Pemerintah berargumentasi bahwa penghematan subsidi akan dialihkan untuk membiayai program pembangunan sumber daya manusia, termasuk Makan Bergizi Gratis (MBG). Secara konseptual, investasi pada gizi memang penting. Namun persoalan pembangunan manusia tidak dapat direduksi menjadi persoalan konsumsi makanan semata.
Bank Dunia, UNESCO, dan berbagai studi pembangunan menunjukkan bahwa kualitas sumber daya manusia ditentukan oleh kombinasi pendidikan, kesehatan, sanitasi, kesempatan kerja, dan mobilitas sosial. Dengan kata lain, gizi hanyalah satu komponen dari ekosistem pembangunan manusia.
Di sisi lain, berbagai indikator pendidikan Indonesia masih menghadapi persoalan serius. Angka Harapan Lama Sekolah meningkat sangat lambat, kualitas pembelajaran masih rendah, dan kesenjangan pendidikan antarwilayah tetap lebar. Ketika negara lebih mudah mengalokasikan anggaran pada program yang memiliki dampak politik langsung dibanding investasi pendidikan jangka panjang yang hasilnya baru terlihat dalam satu generasi, maka muncul pertanyaan mengenai orientasi pembangunan yang sebenarnya.
Apakah negara sedang membangun kapasitas warga negara atau sekadar mengelola kebutuhan jangka pendek masyarakat?

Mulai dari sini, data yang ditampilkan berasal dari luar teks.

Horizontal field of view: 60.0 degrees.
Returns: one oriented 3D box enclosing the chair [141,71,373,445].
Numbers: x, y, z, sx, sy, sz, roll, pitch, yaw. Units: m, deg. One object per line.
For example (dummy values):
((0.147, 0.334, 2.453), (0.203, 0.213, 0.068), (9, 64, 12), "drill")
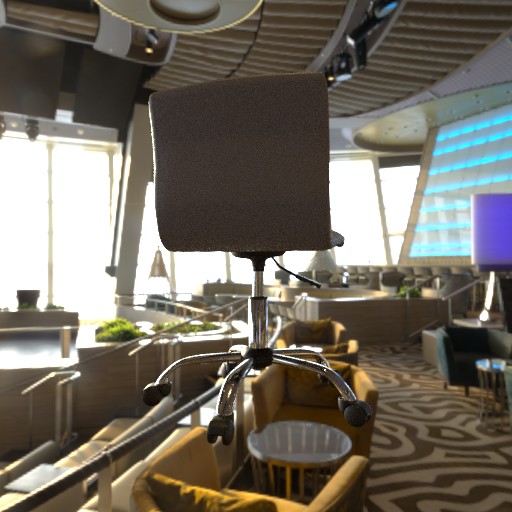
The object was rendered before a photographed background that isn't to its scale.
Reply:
((0.000, 0.000, 1.115), (0.569, 0.750, 0.542), (0, -1, 17), "chair")
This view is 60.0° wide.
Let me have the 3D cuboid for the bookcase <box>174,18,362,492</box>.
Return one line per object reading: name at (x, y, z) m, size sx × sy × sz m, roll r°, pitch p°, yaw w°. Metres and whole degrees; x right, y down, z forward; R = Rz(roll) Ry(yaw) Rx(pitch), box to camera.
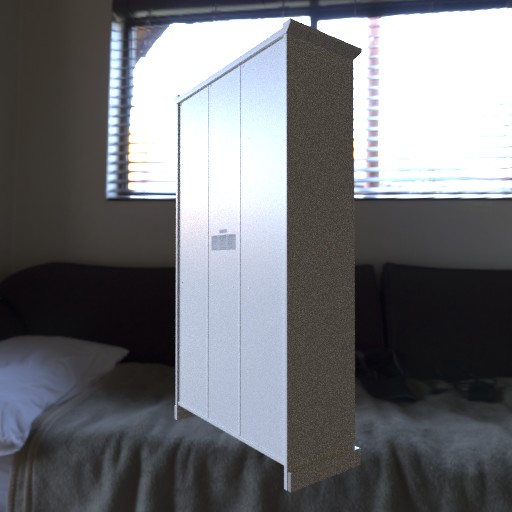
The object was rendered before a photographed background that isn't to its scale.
bookcase at (0.000, 0.000, 2.298) m, size 0.432 × 1.880 × 1.050 m, roll 1°, pitch -1°, yaw -36°
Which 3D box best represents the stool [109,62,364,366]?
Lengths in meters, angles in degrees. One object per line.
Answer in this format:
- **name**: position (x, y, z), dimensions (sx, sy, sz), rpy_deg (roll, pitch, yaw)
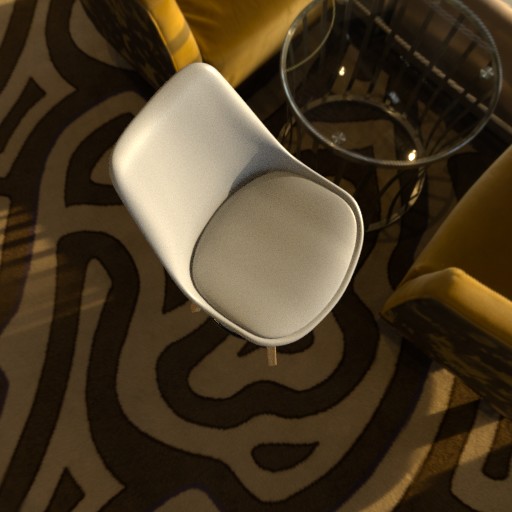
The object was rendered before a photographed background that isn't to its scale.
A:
- **stool**: position (0.000, 0.000, 1.365), dimensions (0.550, 1.115, 0.485), rpy_deg (33, 76, 9)
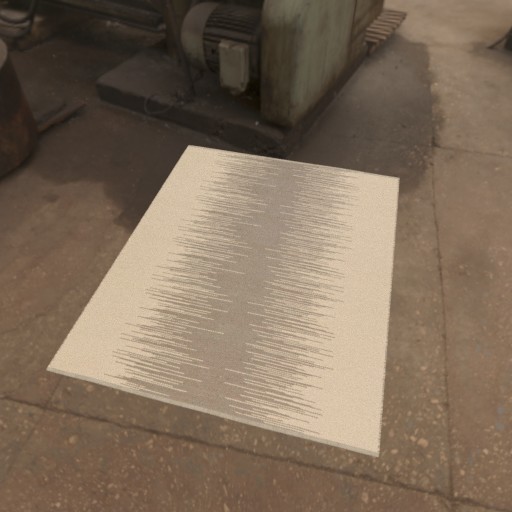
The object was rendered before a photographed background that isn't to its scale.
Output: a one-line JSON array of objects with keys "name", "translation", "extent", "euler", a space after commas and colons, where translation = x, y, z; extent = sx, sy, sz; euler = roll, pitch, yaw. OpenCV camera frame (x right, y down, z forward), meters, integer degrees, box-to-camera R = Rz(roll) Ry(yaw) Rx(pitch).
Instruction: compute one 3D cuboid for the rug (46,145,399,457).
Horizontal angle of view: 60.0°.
[{"name": "rug", "translation": [0.000, 0.000, 4.078], "extent": [2.453, 0.010, 3.037], "euler": [11, 49, 10]}]

Ketiga, paradoks daerah penghasil.
Kasus Indramayu merupakan contoh yang menarik. Kabupaten ini merupakan salah satu lumbung pangan nasional, memiliki posisi strategis di jalur Pantura, serta menjadi lokasi infrastruktur energi nasional yang vital. Namun berbagai indikator sosial-ekonomi menunjukkan bahwa kemiskinan, migrasi tenaga kerja, dan keterbatasan kualitas pendidikan masih menjadi persoalan yang belum terselesaikan.
Fenomena ini menunjukkan adanya kontradiksi mendasar dalam pembangunan Indonesia. Daerah yang menghasilkan sumber daya strategis nasional belum tentu menikmati manfaat pembangunan yang sebanding. Kekayaan ekonomi nasional tidak selalu bertransformasi menjadi kesejahteraan lokal.
Paradoks semacam ini memperlihatkan bahwa persoalan Indonesia bukan semata keterbatasan anggaran, melainkan distribusi manfaat pembangunan yang tidak merata.
Yang lebih mengkhawatirkan adalah melemahnya dimensi akuntabilitas. Program-program dengan nilai anggaran sangat besar semestinya memiliki dasar regulasi yang kuat, mekanisme pengawasan yang ketat, serta sistem evaluasi yang transparan. Dalam negara demokrasi, setiap rupiah yang dibebankan kepada publik harus dapat dipertanggungjawabkan secara terbuka.
Di sinilah substansi kritik publik seharusnya diarahkan. Bukan pada ada atau tidak adanya program pemerintah, melainkan pada kualitas desain kebijakannya. Sebab kebijakan yang baik bukan hanya mampu mengumpulkan sumber daya fiskal, tetapi juga mampu memastikan bahwa beban dan manfaatnya didistribusikan secara adil.
Pada akhirnya, kenaikan harga energi tidak boleh dipahami sebagai persoalan ekonomi semata. Ia merupakan cermin dari pilihan politik negara mengenai siapa yang harus menanggung biaya pembangunan dan siapa yang menikmati hasilnya.
Jika masyarakat terus-menerus diminta berkorban melalui kenaikan harga energi, pajak, dan biaya hidup, sementara reformasi struktural di bidang pendidikan, industrialisasi daerah, dan penciptaan lapangan kerja berjalan lambat, maka publik berhak mempertanyakan arah pembangunan nasional.
Karena dalam demokrasi, kebijakan publik yang baik tidak diukur dari seberapa besar penghematan anggaran yang berhasil dicapai pemerintah, melainkan dari seberapa adil negara membagi beban dan manfaat pembangunan kepada seluruh warga negaranya.